▶ Exercise aim
Pictures stay out of the copy, and everything else in the data below is repeated exactly.

▶ Dataset extract
# # # # # # #

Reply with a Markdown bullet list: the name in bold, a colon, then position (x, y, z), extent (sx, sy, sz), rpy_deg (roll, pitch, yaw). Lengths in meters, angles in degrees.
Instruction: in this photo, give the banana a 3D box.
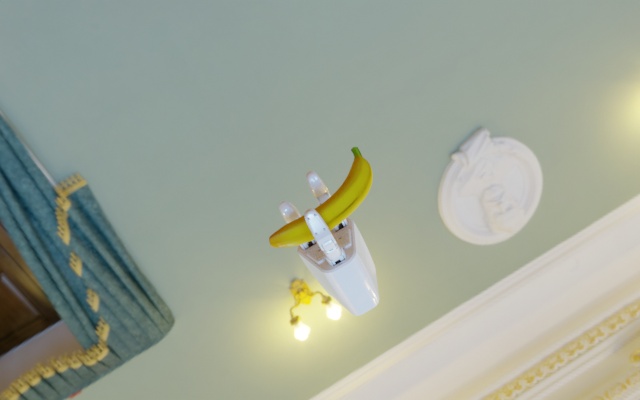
- **banana**: position (0.014, 0.005, 0.675), extent (0.069, 0.197, 0.037), rpy_deg (25, -26, 44)

# # # # # # #

▶ Expected answer
Reply with a Markdown bullet list: the name in bold, a colon, then position (x, y, z), extent (sx, sy, sz), rpy_deg (roll, pitch, yaw). Lengths in meters, angles in degrees.
Instruction: in this photo, give the banana a 3D box.
- **banana**: position (0.014, 0.005, 0.675), extent (0.069, 0.197, 0.037), rpy_deg (25, -26, 44)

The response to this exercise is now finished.